Stability conditions and metrics
I now want to describe a point of view I have been exploring with Asilata Bapat and Tony Licata. We have been looking at stability conditions from the point of view of metric geometry. Before going into the details, let me give a few elementary definitions.
Metrics on categories
A metric on a category \(C\) is a fuction \[ \ell \colon \operatorname{Mor} C \to \mathbf{R}_{\geq 0}\] such that
- if \(f\) is an isomorphism, then \(\ell(f) = 0\).
- for compasable morphisms \(f\) and \(g\), we have \[ \ell(g \circ f) \leq \ell(f) + \ell(g).\]
How a stability condition gives a metric
We now have to recall a few things about stability conditions.
A part of the data of a stability condition is a collection of objects of \(C\) called semi-stable objects, such that every object \(x \in C\) has a filtration \[ 0 = x_0 \to x_1 \to \cdots \to x_n = x\] whose factors \(a_i = \operatorname{Cone}(x_i \to x_{i+1})\) are semi-stable. This filtration is unique after imposing a suitable monotonicity condition, that I will supress. This unique filtration is called the Harder-Narasimhan filtration of \(x\).
Another part of the data of a stability condition is a group homomorphism, called the central charge, \[ Z \colon K(C) \to \mathbf{C}. \] The semi-stable objects and the central charge are supposed to satisfy compactibility conditions that I will suppress.
Now, let \(\sigma\) be a stability condition. Associated to \(\sigma\) is a metric \(\ell = \ell_{\sigma}\) on \(C\), defined as follows. We set \[ \ell (f) = m(\operatorname{Cone}(f)),\] where \(m(x)\) is the mass of \(x\), defined as follows: \[m(x) = \sum |Z(a_i)|.\]
It is easy to check that \(\ell(f) = 0\) if \(f\) is an isomorphism. The triangle inequality follows from the octahedral axiom and the fact that if \[ x \to y \to z \xrightarrow{+1} \] is a distinguished triangle, then \[ m(y) \leq m(x) + m(z).\]
q-Analogue
The definition has a natural \(q\)-analogue, which I will suppress in the interest of time.
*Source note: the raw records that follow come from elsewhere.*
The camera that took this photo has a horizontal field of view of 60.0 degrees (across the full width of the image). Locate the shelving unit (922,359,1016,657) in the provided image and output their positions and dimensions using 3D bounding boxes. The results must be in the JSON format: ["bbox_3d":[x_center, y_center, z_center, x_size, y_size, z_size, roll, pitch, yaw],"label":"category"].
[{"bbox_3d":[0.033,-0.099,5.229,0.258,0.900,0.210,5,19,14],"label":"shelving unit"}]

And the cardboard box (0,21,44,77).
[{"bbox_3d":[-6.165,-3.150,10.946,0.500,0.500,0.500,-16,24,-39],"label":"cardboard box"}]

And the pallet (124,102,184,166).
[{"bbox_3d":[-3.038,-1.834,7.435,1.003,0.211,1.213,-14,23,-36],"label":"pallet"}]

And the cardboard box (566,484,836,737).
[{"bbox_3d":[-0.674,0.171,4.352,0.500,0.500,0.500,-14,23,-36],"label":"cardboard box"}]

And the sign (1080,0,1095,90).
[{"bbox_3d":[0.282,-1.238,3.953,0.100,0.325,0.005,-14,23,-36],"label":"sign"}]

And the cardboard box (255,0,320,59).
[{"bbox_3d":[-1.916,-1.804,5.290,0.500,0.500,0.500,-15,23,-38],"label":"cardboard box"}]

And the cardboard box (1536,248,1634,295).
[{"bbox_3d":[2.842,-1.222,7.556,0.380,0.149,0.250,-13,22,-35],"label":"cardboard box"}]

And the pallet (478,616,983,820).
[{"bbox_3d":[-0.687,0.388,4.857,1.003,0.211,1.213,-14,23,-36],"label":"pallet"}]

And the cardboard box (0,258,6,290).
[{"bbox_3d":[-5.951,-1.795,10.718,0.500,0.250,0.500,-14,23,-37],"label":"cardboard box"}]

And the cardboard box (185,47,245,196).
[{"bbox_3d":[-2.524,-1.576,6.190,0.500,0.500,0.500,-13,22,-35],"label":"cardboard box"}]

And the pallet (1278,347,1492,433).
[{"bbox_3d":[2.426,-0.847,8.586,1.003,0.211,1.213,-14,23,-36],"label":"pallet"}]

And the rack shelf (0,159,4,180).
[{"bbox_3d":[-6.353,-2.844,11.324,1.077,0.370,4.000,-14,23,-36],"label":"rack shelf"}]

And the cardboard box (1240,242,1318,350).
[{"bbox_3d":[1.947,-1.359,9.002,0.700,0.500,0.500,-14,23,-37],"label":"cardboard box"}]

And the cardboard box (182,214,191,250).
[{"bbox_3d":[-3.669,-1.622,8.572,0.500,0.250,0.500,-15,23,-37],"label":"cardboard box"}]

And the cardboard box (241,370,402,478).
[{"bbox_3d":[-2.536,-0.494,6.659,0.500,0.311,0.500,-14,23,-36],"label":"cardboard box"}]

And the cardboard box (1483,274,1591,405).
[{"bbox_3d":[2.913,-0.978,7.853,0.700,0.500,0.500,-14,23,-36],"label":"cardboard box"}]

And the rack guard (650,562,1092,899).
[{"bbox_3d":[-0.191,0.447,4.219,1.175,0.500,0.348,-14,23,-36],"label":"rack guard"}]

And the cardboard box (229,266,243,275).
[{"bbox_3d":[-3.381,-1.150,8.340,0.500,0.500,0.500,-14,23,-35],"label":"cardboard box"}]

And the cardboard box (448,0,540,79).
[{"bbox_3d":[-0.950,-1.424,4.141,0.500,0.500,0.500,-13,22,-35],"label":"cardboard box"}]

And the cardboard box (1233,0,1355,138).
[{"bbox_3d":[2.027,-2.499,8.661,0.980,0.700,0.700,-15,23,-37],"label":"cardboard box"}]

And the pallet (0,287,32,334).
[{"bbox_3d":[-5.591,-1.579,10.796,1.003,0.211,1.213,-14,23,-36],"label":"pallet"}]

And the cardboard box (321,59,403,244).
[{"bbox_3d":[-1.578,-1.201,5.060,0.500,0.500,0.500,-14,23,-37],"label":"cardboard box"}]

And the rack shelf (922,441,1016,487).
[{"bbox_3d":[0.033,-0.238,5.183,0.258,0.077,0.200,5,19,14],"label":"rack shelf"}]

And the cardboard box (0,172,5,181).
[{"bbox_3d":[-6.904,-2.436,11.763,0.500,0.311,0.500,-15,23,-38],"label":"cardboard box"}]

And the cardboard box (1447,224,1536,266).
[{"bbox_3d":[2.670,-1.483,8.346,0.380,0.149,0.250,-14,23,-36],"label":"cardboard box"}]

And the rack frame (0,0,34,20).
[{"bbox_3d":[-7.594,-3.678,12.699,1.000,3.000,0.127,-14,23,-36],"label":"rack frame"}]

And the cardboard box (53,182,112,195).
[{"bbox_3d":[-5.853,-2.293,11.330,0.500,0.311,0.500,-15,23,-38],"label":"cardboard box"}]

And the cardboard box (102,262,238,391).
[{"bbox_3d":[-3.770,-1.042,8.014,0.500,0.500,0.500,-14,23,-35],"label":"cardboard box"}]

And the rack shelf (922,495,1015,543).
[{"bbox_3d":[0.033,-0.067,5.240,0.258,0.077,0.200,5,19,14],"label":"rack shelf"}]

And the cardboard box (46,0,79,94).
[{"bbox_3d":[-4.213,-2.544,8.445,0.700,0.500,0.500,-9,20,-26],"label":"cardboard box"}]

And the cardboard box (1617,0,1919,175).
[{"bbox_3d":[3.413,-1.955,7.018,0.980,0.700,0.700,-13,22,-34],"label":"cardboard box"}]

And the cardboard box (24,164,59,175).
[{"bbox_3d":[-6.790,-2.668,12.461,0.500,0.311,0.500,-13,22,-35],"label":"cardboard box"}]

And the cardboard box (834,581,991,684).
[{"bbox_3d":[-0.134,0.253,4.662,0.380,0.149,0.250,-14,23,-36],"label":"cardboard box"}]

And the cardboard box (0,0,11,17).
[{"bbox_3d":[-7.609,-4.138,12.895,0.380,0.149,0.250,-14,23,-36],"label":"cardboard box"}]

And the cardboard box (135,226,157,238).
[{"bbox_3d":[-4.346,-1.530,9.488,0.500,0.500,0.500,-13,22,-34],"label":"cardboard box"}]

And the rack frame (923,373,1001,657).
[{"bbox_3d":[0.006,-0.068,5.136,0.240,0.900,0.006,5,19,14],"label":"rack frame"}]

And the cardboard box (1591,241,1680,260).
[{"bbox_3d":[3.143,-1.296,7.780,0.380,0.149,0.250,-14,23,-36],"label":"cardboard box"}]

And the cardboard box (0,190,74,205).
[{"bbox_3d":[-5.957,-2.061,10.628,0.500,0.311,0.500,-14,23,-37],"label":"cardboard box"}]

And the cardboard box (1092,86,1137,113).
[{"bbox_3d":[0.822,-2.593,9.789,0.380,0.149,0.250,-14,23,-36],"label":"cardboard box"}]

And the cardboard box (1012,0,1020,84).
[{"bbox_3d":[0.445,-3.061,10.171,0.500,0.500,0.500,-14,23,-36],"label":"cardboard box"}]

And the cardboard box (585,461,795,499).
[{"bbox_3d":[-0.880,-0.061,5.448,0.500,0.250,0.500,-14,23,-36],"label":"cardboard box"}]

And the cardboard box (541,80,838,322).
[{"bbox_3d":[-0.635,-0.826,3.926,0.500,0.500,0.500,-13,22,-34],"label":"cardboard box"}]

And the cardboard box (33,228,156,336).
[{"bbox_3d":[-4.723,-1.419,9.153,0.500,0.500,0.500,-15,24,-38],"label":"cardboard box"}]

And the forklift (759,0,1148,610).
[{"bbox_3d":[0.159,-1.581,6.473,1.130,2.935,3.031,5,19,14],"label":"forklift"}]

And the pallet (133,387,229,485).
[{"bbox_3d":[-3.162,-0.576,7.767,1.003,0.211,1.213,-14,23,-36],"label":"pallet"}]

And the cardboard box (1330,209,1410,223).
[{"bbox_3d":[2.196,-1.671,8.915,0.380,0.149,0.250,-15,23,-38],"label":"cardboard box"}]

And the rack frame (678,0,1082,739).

To what extent can a stability condition be recovered from the metric?
For example, let us try to recreate Harder–Narasimhan filtrations purely from the metric.
The Harder–Narasimhan filtration \[ 0 = x_0 \to x_1 \to \cdots \to x_n = x\] is a geodesic path from \(0\) to \(x\). Unfortunately, there can be many other geodesic paths. So being geodesic does not quite characterise the Harder–Narasimhan filtrations.
Nevertheless, we can prove the following.
Proposition. The object \(x\) is stable if and only if the path \(0 \to x\) is an indivisible geodesic path.
As a result, we can reconstruct the set of stable objects purely from the metric.
The central charge is trickier to re-construct. In fact, there are examples (for example \(C = D^b(\operatorname{Coh} \mathbf{P}^1)\)), that show that different central charges can lead to the same metrics. However, in many cases, we can also reconstruct the central charge.
Theorem. Let \(C = C_{\Gamma}\) be the 2-CY category associated to a quiver \(\Gamma\). Then a stability condition \(\sigma\) is uniquely determined up to translation by the metric \(\ell_{\sigma}\).
I suspect a similar statement is true for \(D^b \operatorname{Coh}K3\), but I have not written down a proof.
Thurston compactification
By the construction \(\sigma \leadsto \ell_{\sigma}\), we can think of \(\operatorname{Stab} C\) as a space of metrics on \(C\). By taking this point of view, we can try to use the same techniques on \(\operatorname{Stab} C\) as people have used to study moduli spaces of metrics elsewhere in mathematics.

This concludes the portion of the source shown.